Following are some of the trends that have a significant impact on Volkswagen’s valuation:

China Passenger Vehicle Market Provides Large Growth Potential

Volkswagen China & Affiliates is the most important division for the automaker, constituting around 45% of the company’s valuation, by our estimates. China is Volkswagen Group’s single largest market, with deliveries climbing to 3.26 million in 2013, up 16.25% year-over-year. The group competes with other major players such as General Motors, Toyota, Ford and Honda in the country. Volkswagen’s Chinese portfolio covers all segments from small cars to luxury sports cars, including the Lavida, Passat, Jetta, Sagitar, Audi A6, A5 and Q5, and Tiguan compact SUV. These vehicles enjoy strong popularity among the Chinese consumers, and led Volkswagen to topple GM as the highest selling foreign automaker in the country in 2013. The company already has a market share of 13.8% in China, and will look to improve on this figure owing to capacity additions and luxury market expansion, despite stiffening competition. Even if Volkswagen doesn’t see any increase in its market share in China going forward, growth in volumes due to higher vehicle demand in the country is expected to boost the company’s financials. Volkswagen aims to achieve its goal of producing 4 million vehicles in China by 2018.

  • Expanding Market Size in China

China surpassed the massive 20 million vehicle sales mark last year, outselling the second-placed U.S. by over 6 million unit sales. [1] Although China’s economic growth is expected to slowdown in comparison to the double-digit growth rates seen in 2010-2011, it is still the world’s fastest growing major economy and continues to attract large-scale investments in the automotive sector. China’s fast growing automotive market is expected to constitute nearly 30% of the global sales by the end of this decade, by our estimates. Increasing disposable incomes and a low vehicle ownership rate of 79 vehicles per 1,000 inhabitants are expected to drive growth in the Chinese auto industry.
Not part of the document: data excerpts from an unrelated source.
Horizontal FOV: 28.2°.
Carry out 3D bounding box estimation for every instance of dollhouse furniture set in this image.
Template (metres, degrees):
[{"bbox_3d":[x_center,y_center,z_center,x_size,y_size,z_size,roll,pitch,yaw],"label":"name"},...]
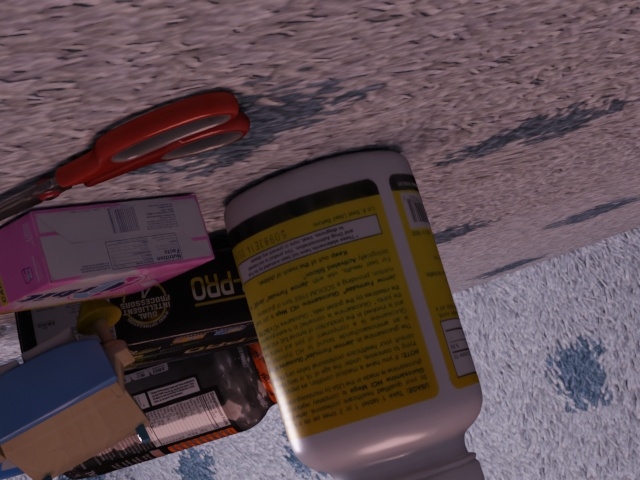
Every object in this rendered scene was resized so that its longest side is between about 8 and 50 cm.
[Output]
[{"bbox_3d":[-0.315,0.162,1.278,0.303,0.198,0.286,-29,155,-5],"label":"dollhouse furniture set"}]

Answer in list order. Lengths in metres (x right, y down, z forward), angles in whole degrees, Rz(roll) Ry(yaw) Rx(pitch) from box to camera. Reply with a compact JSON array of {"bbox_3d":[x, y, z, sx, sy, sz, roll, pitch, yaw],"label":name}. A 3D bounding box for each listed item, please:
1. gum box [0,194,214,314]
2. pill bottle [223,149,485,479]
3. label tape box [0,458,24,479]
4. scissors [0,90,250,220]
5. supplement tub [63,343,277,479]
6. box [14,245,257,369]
[{"bbox_3d":[-0.191,0.012,1.089,0.107,0.062,0.188,-24,170,41],"label":"gum box"},{"bbox_3d":[0.040,0.099,1.197,0.188,0.334,0.188,-16,172,-2],"label":"pill bottle"},{"bbox_3d":[-0.530,0.219,1.550,0.334,0.106,0.240,6,179,16],"label":"label tape box"},{"bbox_3d":[-0.184,-0.044,0.894,0.297,0.021,0.109,-18,175,15],"label":"scissors"},{"bbox_3d":[-0.212,0.186,1.744,0.338,0.207,0.207,-18,172,4],"label":"supplement tub"},{"bbox_3d":[-0.151,0.080,1.478,0.395,0.097,0.318,-11,173,-14],"label":"box"}]

In comparison, the U.S. has a massive 791 vehicles per 1,000 inhabitants. [2]

  • Increased Investment and Capacity

Volkswagen is present in 17 locations across China, with five new facilities opening just last year. This included a new plant at Urumqi in western China, where disposable incomes are expected to rise sharply in the coming years, and a plant in Foshan, which started production of the new Golf, the first vehicle to be built on the Modular Transverse Toolkit (MQB) in China. In 2012, Volkswagen introduced the Modular Transverse Toolkit, which created an extremely flexible vehicle architecture, hence making it possible to produce different models of various brands in different quantities in the same production unit. This is expected to lower production costs for the automaker.

Going forward, Volkswagen, in partnership with the SAIC Motor Corporation and the First Automotive Works (FAW) Group, will invest a whopping 18.2 billion euros (nearly $25 billion) in China between 2014-2018, for the purpose of product development and capacity additions. Increased investment and local production will help Volkswagen evade import taxes, and also boost the automaker’s reach and availability, possibly improving market share.

  • Booming Luxury Market to Propel Sales Growth

China is the world’s largest passenger vehicle market but still trails the U.S. in terms of luxury vehicle volumes. The premium vehicle market in China is expected to grow at a CAGR of 12% till 2020, outpacing the 8% annual anticipated growth in the country’s overall passenger vehicle market. [3] This means that China will surpass the U.S. as early as 2016 in luxury vehicle volumes and cross the 3 million annual sales mark by 2020. Volkswagen’s Audi is the crowned leader in China, despite trailing BMW in terms of global sales. While Audi sold nearly 492,000 vehicles in the country last year, BMW and Mercedes-Benz managed 391,700 and 218,045 unit sales respectively. The automaker has gained from its acceptance as the official mode of transport for China’s top politicians. Audi, along with Bentley and Porsche, hold around 35% share in China, by our estimates.

The locally manufactured A3 Sportback started selling in China in March, for which the assembly plant at Foshan was built last year. The sedan version of the A3 will also be launched in the next few months. Audi’s production of both the A3 and A4 models in China itself will help evade the 25% import taxes, in addition to the value added tax and consumption tax, prompting a decline in model prices. [4] The automaker also aims to increase the number of dealerships to 500 by 2017, up from 341 in 2013. While Audi remains the highest seller of luxury vehicles in China, its sales growth in the country lagged the growth rates of both BMW and Mercedes-Benz in the first quarter. But with the A3 models adding incremental sales from March onward, we expect the automaker to retain its lead in China and possibly sell around 540,000 vehicles this year in the country.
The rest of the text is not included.